FIG. 17 is a circuit diagram illustrating an example of a majority circuit of a receiving unit used in the shape measuring apparatus of FIG. 1;

FIG. 18 is a diagram showing a truth table of the majority circuit of FIG. 17;

FIG. 19 is a perspective view showing a schematic configuration of a conventional shape measuring device.

[Explanation of symbols]

 1, 2, working roll 3, 4, backup roll 5, strip 6, pressure detection roll 6a, hollow shaft 7, load cell 10, first non-contact transmission section 11, second non-contact transmission section 12, rotating circuit section 13 ... Load cell amplifier unit 14 ... Encoder 15 ... Relay unit 18a, 18b ... First ferrite core coil unit 19a, 19b ... Second ferrite core coil unit 20 ... Amplifier 60 ... Buffer 61 ... A / D conversion unit 62 ... RAM 63A ... 1P / S conversion section 63B second P / S conversion section 64A rotation-side first transmission section 64B rotation-side second transmission section 65 first DC / DC conversion section 66 first power receiving section 67 rotation-side first reception Unit 68 Rotation side clock unit 69 Rotation side second reception unit 70 Capture pulse unit 71 Rotation side control unit 72 Second power reception unit 73 Second DC DC converter 80: stationary first transmitter 81: stationary second transmitter 82: stationary second power transmitter 83A stationary first receiver 83B stationary second receiver 84: stationary first power transmitter Unit 85: stationary clock unit 86: stationary control unit 87A: first S / P conversion unit 87B: second S / P conversion unit 88A: first buffer memory unit 88B: second buffer memory unit 89A: first logic circuit 89B ... Second logic circuit 90 ... D / A converter 91 ... LPF

Claims (6)

[Claims] 1. A signal transmission device for non-contact transmission of a periodic output signal of a sensor means provided on a rotating side to a stationary side, wherein a sampling means for sampling an output of said sensor means, Timing calculation means for calculating the output timing, based on the output timing calculated by the timing calculation means, after the end of sampling, during the period until the start of the next sampling, comprising a transmission means for transmitting the sampled data, A signal transmission device characterized by the above-mentioned. 2. The transmitting means, after the end of sampling,
2. The signal transmission device according to claim 1, wherein the signal transmission device transmits the sampled data at a rate lower than the sampling rate during a period until the next sampling starts. 3. A pressure sensor buried along the axial direction of the roll body and rotatably provided, and non-contact transmission of an output signal from the pressure sensor of the pressure detection roll to a stationary side. A pressure transmission system comprising a signal transmission device, wherein the pressure sensor is provided at a plurality of different locations in the axial direction of the roll body, respectively, and in the circumferential direction of the roll body of the roll body The signal transmission device is provided within a predetermined angle range of a rotation angle, and the signal transmission device includes an angle detection unit that detects a rotation angle of the roll body, and the pressure within the predetermined angle range based on an output of the angle detection unit.

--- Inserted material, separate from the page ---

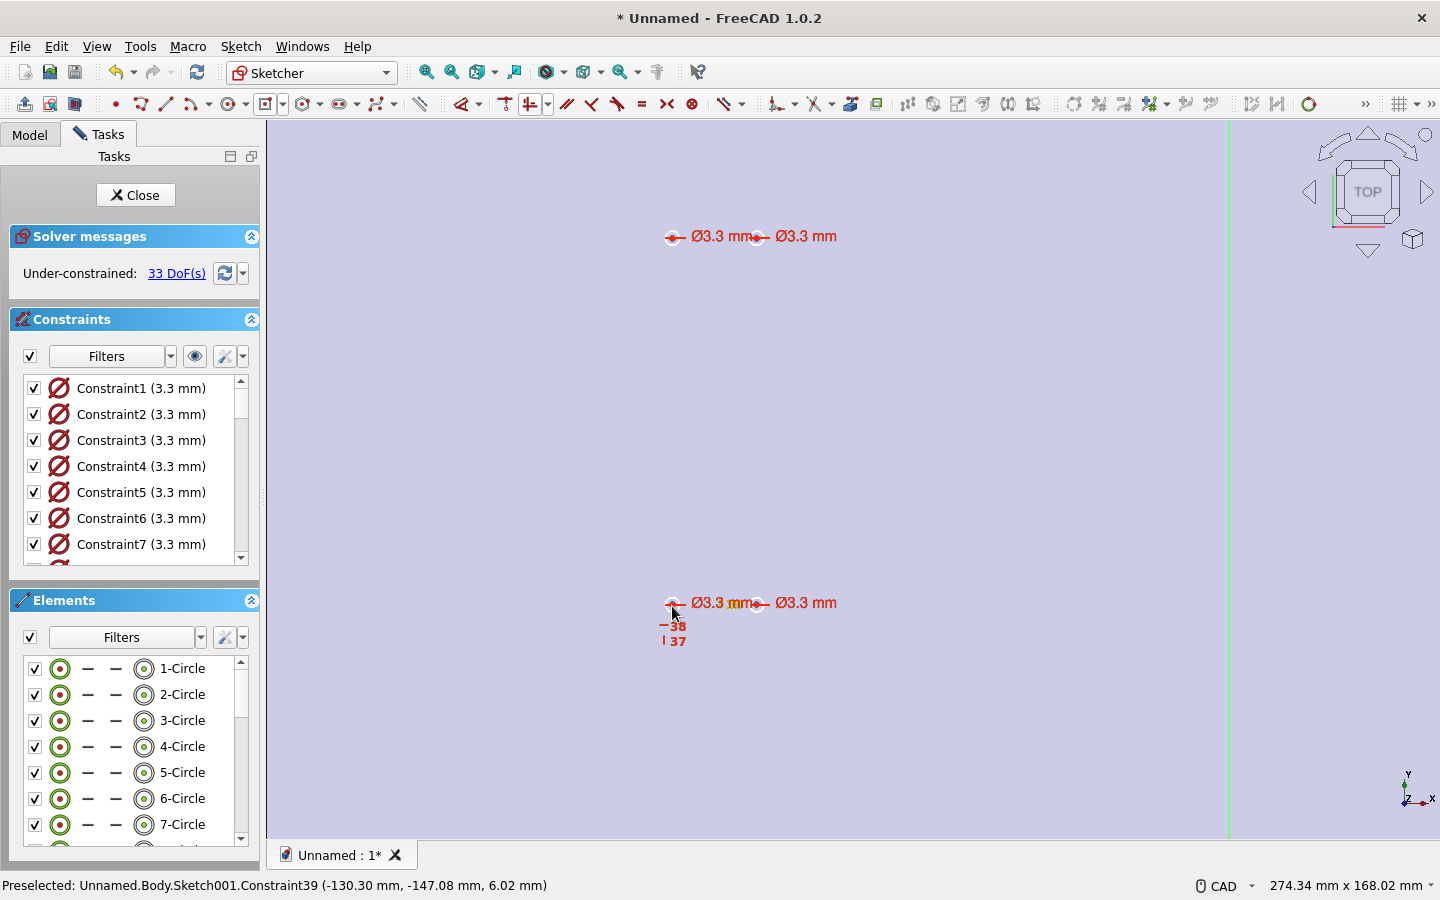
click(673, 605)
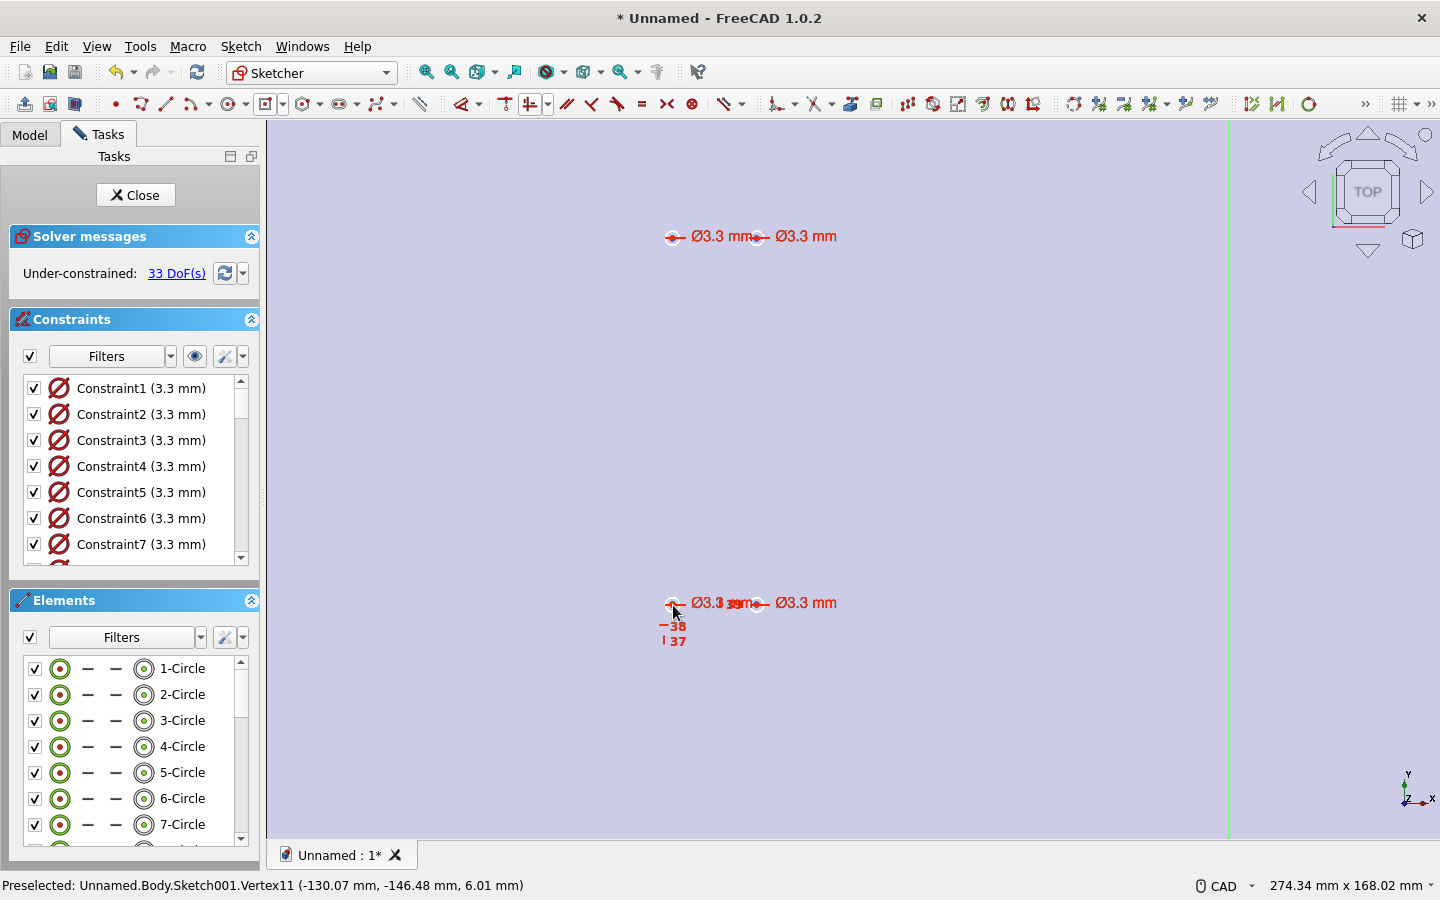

Sampling means for sampling the output of the sensor, and transmission means for transmitting the sampled data during a period from the end of sampling to the start of the next sampling. The pressure detection system using equipped with a pressure sensing roll, characterized in that. 4. The transmitting means, after the end of sampling,
4. The pressure detecting system according to claim 3, wherein the transmitting means transmits the sampled data at a rate lower than the sampling rate until the next sampling starts. 5. The pressure detecting device according to claim 3, wherein the pressure sensors are provided in a line so that all positions in the circumferential direction of the roll body coincide with each other. system. 6. The pressure sensor is provided with a plurality of sensor rows in which the circumferential position of the roll body coincides with each other, and each sensor row is provided so that the circumferential position of the roll body is different. A pressure detection system using the pressure detection roll according to claim 3 or 4.